TechInAfrica – What defines the success of a startup? The keys don’t only lie between aggressive marketing or proper service delivery—despite these two matters significantly. Contrary to popular belief, what makes the most difference is the habits of the people behind it. That is, the startup entrepreneurs and corresponding stakeholders.
In manifesting a large, company-scale financial profit margin, one must first maintain wealth stems from smart personal-finance habits. Meaning, before you step further into the endless world of business and marketing, you must first apply that step to yourself. Many of the most successful entrepreneurs implement these steps, and now it’s your turn to do so:
Create a motivating list of money goals
Like having a budget, it’s important to set up clear money goals within certain periods of time. Writing down a list of financial goals and reviewing them each day will give you a clearer insight on what steps to take, what things to buy, and which ways you can earn more than you can spend.
This, being enforced to your business, can help you set a profitable path to the future.
Devise an action plan for spending and saving
Keeping an active plan for spending (and saving, retrospectively) can keep you from overspending on items you don’t actually need—and in return, keeping those impulsive shopping behaviors at bay. To achieve your wealth goals, you must track where your money is going, and will go to.
To this extent, Tom Popomaronis—a contributor for Entrepreneur—reached out to Spencer Barclay, founder and CEO of Savology. Barclay professed that one of the most fervent causes that promote entrepreneurial pitfalls is that simply people don’t track where their money is going. Whilst this may seem like a simple, irrelevant notion, this can also jeopardize our financial planning if left unguarded.
“Serious budgeting means planning ahead for how you will spend and save your money and then tracking every expense. When you are cognizant of your spending habits, it becomes much easier to keep them in check and contribute more to your savings goals,” Barclay concluded.

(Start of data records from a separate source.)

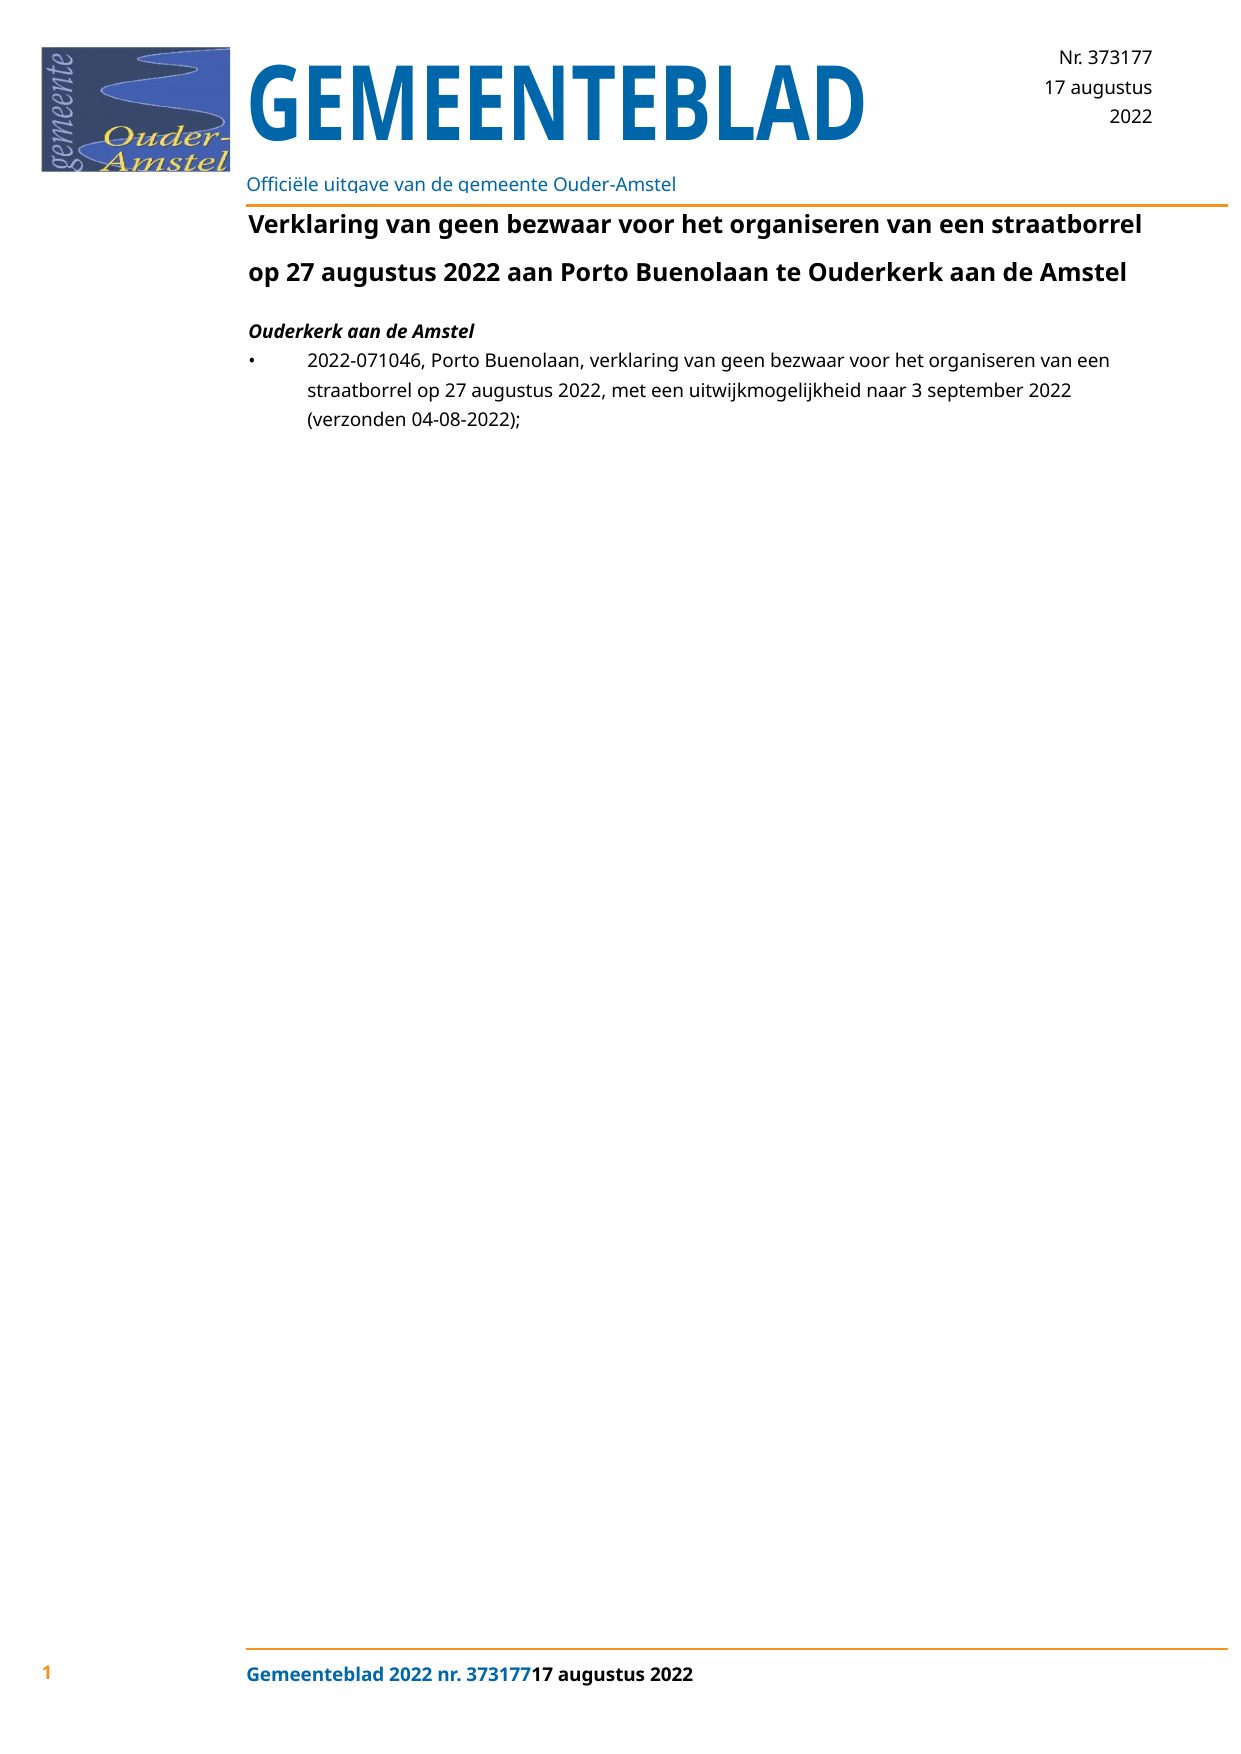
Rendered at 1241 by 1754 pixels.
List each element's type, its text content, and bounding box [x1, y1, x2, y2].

text Verklaring van geen bezwaar voor het organiseren van een straatborrel op 27 augustus 2022 aan Porto Buenolaan te Ouderkerk aan de Amstel [248, 207, 1152, 288]
text Ouderkerk aan de Amstel [248, 318, 1152, 344]
picture [41, 47, 231, 172]
list 2022-071046, Porto Buenolaan, verklaring van geen bezwaar voor het organiseren van een straatborrel op 27 augustus 2022, met een uitwijkmogelijkheid naar 3 september 2022 (verzonden 04-08-2022); [248, 347, 1152, 432]

Reducing your expenses—such as cooking homemade food rather than buying a meal, cutting your internet or mobile usage, or simply taking the bus to work rather than commuting in your personal vehicle—can also help yourself to manage where your money is going. Alternatively, there’s a ton of money-management apps to download on your phone.
Diversify risk by generating new income streams
The book Rich Habits: The Daily Habits of Successful People by Tom Corley stated that 65 percent of self-made millionaires have at least three sources of income, whilst another 29 percent indulge themselves in five (or more) different income sources.

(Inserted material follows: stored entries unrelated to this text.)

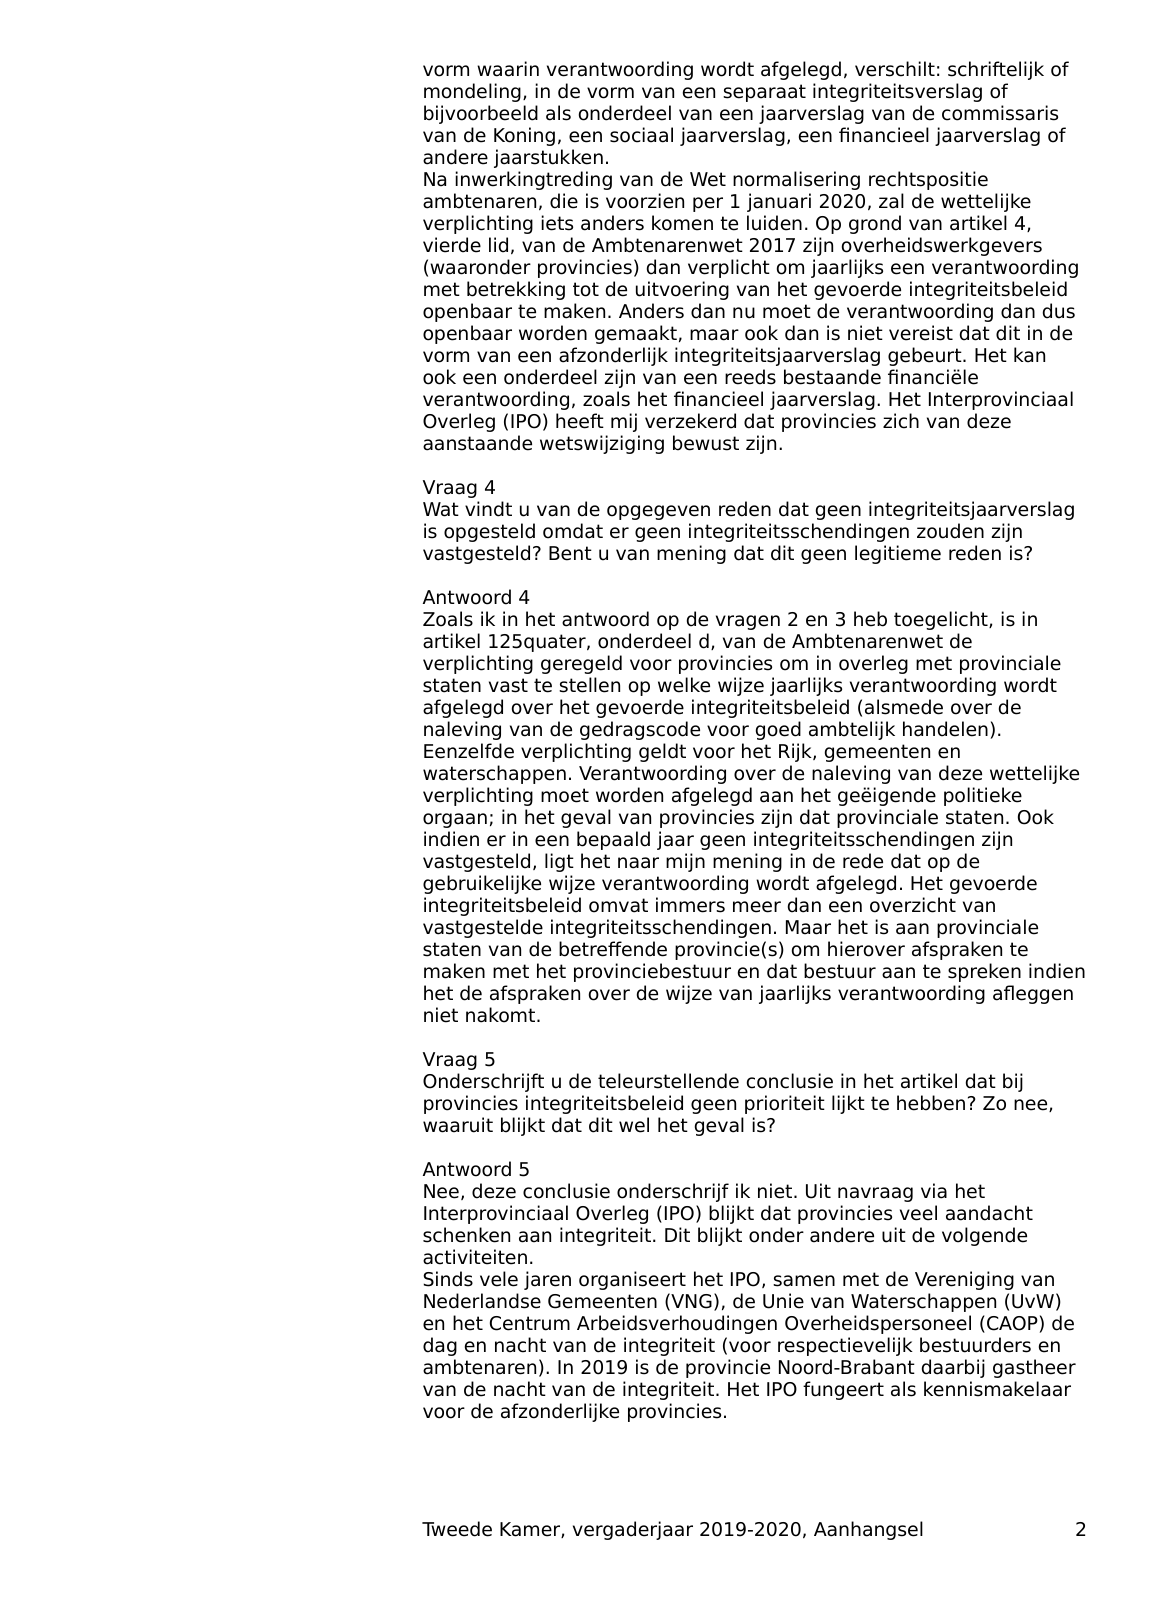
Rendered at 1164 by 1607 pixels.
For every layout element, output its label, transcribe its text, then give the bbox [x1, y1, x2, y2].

text Antwoord 5 [422, 1159, 1087, 1181]
text Antwoord 4 [422, 587, 1087, 609]
text Vraag 5 [422, 1049, 1087, 1071]
text Zoals ik in het antwoord op de vragen 2 en 3 heb toegelicht, is in artikel 125quater, onderdeel d, van de Ambtenarenwet de verplichting geregeld voor provincies om in overleg met provinciale staten vast te stellen op welke wijze jaarlijks verantwoording wordt afgelegd over het gevoerde integriteitsbeleid (alsmede over de naleving van de gedragscode voor goed ambtelijk handelen). Eenzelfde verplichting geldt voor het Rijk, gemeenten en waterschappen. Verantwoording over de naleving van deze wettelijke verplichting moet worden afgelegd aan het geëigende politieke orgaan; in het geval van provincies zijn dat provinciale staten. Ook indien er in een bepaald jaar geen integriteitsschendingen zijn vastgesteld, ligt het naar mijn mening in de rede dat op de gebruikelijke wijze verantwoording wordt afgelegd. Het gevoerde integriteitsbeleid omvat immers meer dan een overzicht van vastgestelde integriteitsschendingen. Maar het is aan provinciale staten van de betreffende provincie(s) om hierover afspraken te maken met het provinciebestuur en dat bestuur aan te spreken indien het de afspraken over de wijze van jaarlijks verantwoording afleggen niet nakomt. [422, 609, 1087, 1027]
text Onderschrijft u de teleurstellende conclusie in het artikel dat bij provincies integriteitsbeleid geen prioriteit lijkt te hebben? Zo nee, waaruit blijkt dat dit wel het geval is? [422, 1071, 1087, 1137]
text Wat vindt u van de opgegeven reden dat geen integriteitsjaarverslag is opgesteld omdat er geen integriteitsschendingen zouden zijn vastgesteld? Bent u van mening dat dit geen legitieme reden is? [422, 499, 1087, 565]
text vorm waarin verantwoording wordt afgelegd, verschilt: schriftelijk of mondeling, in de vorm van een separaat integriteitsverslag of bijvoorbeeld als onderdeel van een jaarverslag van de commissaris van de Koning, een sociaal jaarverslag, een financieel jaarverslag of andere jaarstukken. [422, 59, 1087, 169]
text Na inwerkingtreding van de Wet normalisering rechtspositie ambtenaren, die is voorzien per 1 januari 2020, zal de wettelijke verplichting iets anders komen te luiden. Op grond van artikel 4, vierde lid, van de Ambtenarenwet 2017 zijn overheidswerkgevers (waaronder provincies) dan verplicht om jaarlijks een verantwoording met betrekking tot de uitvoering van het gevoerde integriteitsbeleid openbaar te maken. Anders dan nu moet de verantwoording dan dus openbaar worden gemaakt, maar ook dan is niet vereist dat dit in de vorm van een afzonderlijk integriteitsjaarverslag gebeurt. Het kan ook een onderdeel zijn van een reeds bestaande financiële verantwoording, zoals het financieel jaarverslag. Het Interprovinciaal Overleg (IPO) heeft mij verzekerd dat provincies zich van deze aanstaande wetswijziging bewust zijn. [422, 169, 1087, 455]
text Nee, deze conclusie onderschrijf ik niet. Uit navraag via het Interprovinciaal Overleg (IPO) blijkt dat provincies veel aandacht schenken aan integriteit. Dit blijkt onder andere uit de volgende activiteiten. [422, 1181, 1087, 1269]
text Sinds vele jaren organiseert het IPO, samen met de Vereniging van Nederlandse Gemeenten (VNG), de Unie van Waterschappen (UvW) en het Centrum Arbeidsverhoudingen Overheidspersoneel (CAOP) de dag en nacht van de integriteit (voor respectievelijk bestuurders en ambtenaren). In 2019 is de provincie Noord-Brabant daarbij gastheer van de nacht van de integriteit. Het IPO fungeert als kennismakelaar voor de afzonderlijke provincies. [422, 1269, 1087, 1423]
text Vraag 4 [422, 477, 1087, 499]

Okay, I know what you’re thinking—having more income sources means creating more revenue for those corresponding businesses and for their personal selves. But that’s not the entire point here. The significance of having multiple income streams are underlined by diversifying and lowering their personal financial risk.
What does this exactly mean? If one revenue stream is underperforming, you can still maintain a relatively stable financial management because the others aren’t likely to follow that trend also. Profitability can further be emphasized if this notion goes as expected, and the same can also be applied to your personal wallet; rather than your business alone.
Invest to create passive income
Okay, so now you’ve generated a stable income revenue. Where does that money go after you’ve paid your monthly bills? Most people would probably spend it on entertainment, fashion, or to buy things that they don’t actually need. But, for visionary entrepreneurs, those money will go into one or two investments for their own company. This can lead to further growth, and can also be implemented for your personal finances.
This passive income can also serve as a gateway to profit, rooting from the money you take home from the active income you earn during the day. Remember, passive income means you generate money even in your sleep—so don’t be afraid to invest!
Stay aware of the market
There have been a lot of startup failures just because they fail to realize what the market needs and wants. Pursuing on passion alone is good—but it can never make up to the trend if you don’t pay attention to the demands. The wealthiest entrepreneurs stay up-to-date within the newest market craze that could be of significance towards their current investments and their respective companies.
By staying aware of this, actions as simple as halting a product’s development or adjusting the price for service deliveries can prevent you from having major losses. Contrarily, being oblivious to the fluctuations of the market restricts you from preparing actions to protect your assets and potential profits.
All in all, these are the five habits of highly successful individuals who, thrive not only on their respective businesses, but also on their personal financial management. Within this, there’s a challenge to adapt to a new mindset and committing to new, out-of-the-box habits. Despite this demanding trial, the end result will be worth it. By taking full control of the way you use your money, you can grow your personal wealth while also increasing your startup’s chances for long-term success.